Coevolution of transcriptional and allosteric regulation at the chorismate metabolic branch point of Saccharomyces cerevisiae.

Control of transcription and enzyme activities are two interwoven regulatory systems essential for the function of a metabolic node. Saccharomyces cerevisiae strains differing in enzyme activities at the chorismate branch point of aromatic amino acid biosynthesis were constructed by recombinant DNA technology. Expression of an allosterically unregulated, constitutively activated chorismate mutase encoded by the ARO7(T226I) (ARO7(c)) allele depleted the chorismate pool. The resulting tryptophan limitation caused growth defects, which could be counteracted only by transcriptional induction of TRP2 encoding the competing enzyme anthranilate synthase. ARO7 expression is not transcriptionally regulated by amino acids. Transcriptional activation of the ARO7(c) allele led to stronger growth retardation upon tryptophan limitation. The same effect was achieved by removing the competing enzyme anthranilate synthase, which is encoded by the TRP2 gene, from the transcriptional control.
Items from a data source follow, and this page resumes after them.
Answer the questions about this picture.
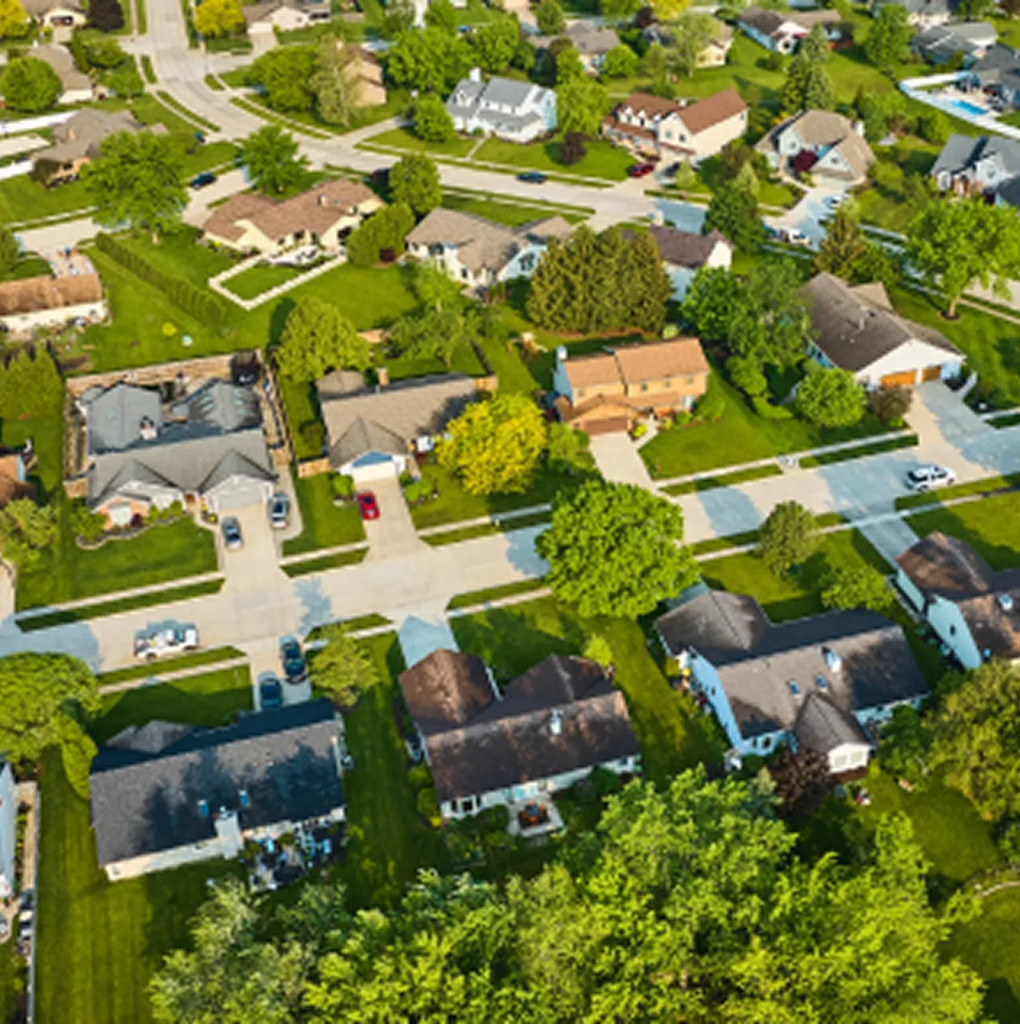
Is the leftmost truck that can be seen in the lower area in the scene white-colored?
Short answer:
Yes
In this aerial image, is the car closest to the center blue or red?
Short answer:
red
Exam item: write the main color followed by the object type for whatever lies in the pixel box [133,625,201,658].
white truck
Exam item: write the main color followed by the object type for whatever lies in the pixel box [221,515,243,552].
gray car
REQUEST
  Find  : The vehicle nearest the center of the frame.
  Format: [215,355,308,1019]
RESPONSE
[357,491,381,523]
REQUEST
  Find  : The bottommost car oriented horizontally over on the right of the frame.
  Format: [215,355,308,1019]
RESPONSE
[906,467,955,492]
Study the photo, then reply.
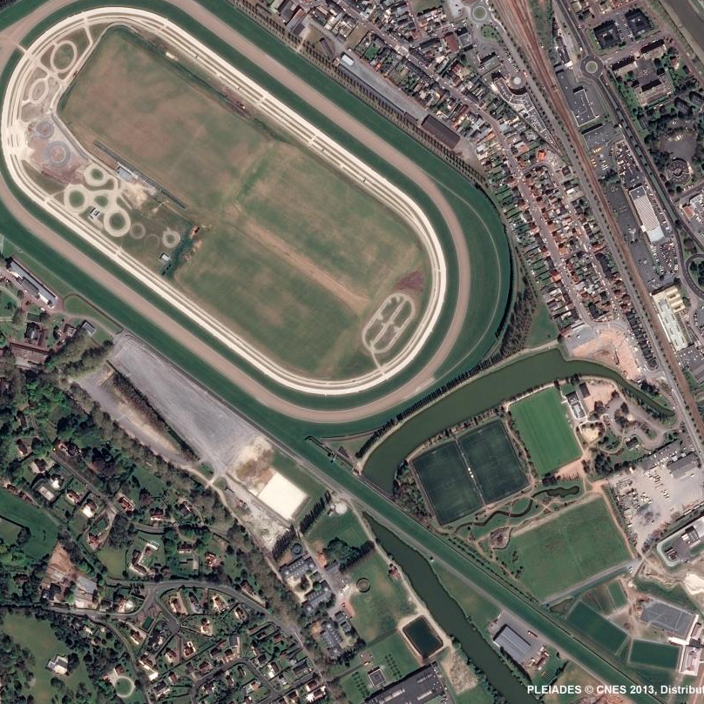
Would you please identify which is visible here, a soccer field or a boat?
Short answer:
soccer field
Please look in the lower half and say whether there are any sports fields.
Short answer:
Yes
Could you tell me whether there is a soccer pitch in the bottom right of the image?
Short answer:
Yes
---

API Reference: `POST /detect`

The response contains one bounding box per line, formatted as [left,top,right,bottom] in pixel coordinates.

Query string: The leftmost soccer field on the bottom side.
[412,442,484,524]
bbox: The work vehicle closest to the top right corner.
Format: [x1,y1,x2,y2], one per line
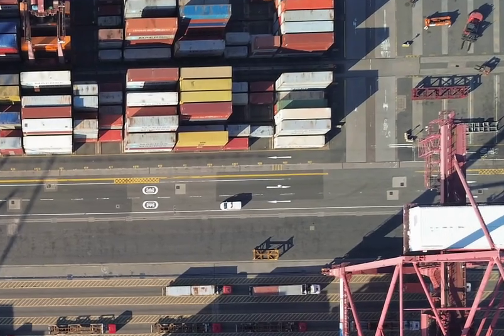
[460,2,491,49]

The allelic situation of ARO7(c) being under general control instead of TRP2 resulted in severe growth defects when cells were starved for tryptophan. In conclusion, the specific regulatory pattern acting on enzymatic activities at the first metabolic node of aromatic amino acid biosynthesis is necessary to maintain proper flux distribution. Therefore, the evolution of the sophisticated allosteric regulation of yeast chorismate mutase requires as prerequisite (i) that the encoding ARO7 gene is not transcriptionally regulated, whereas (ii) the transcription of the competing feedback-regulated anthranilate synthase-encoding gene is controlled by availability of amino acids.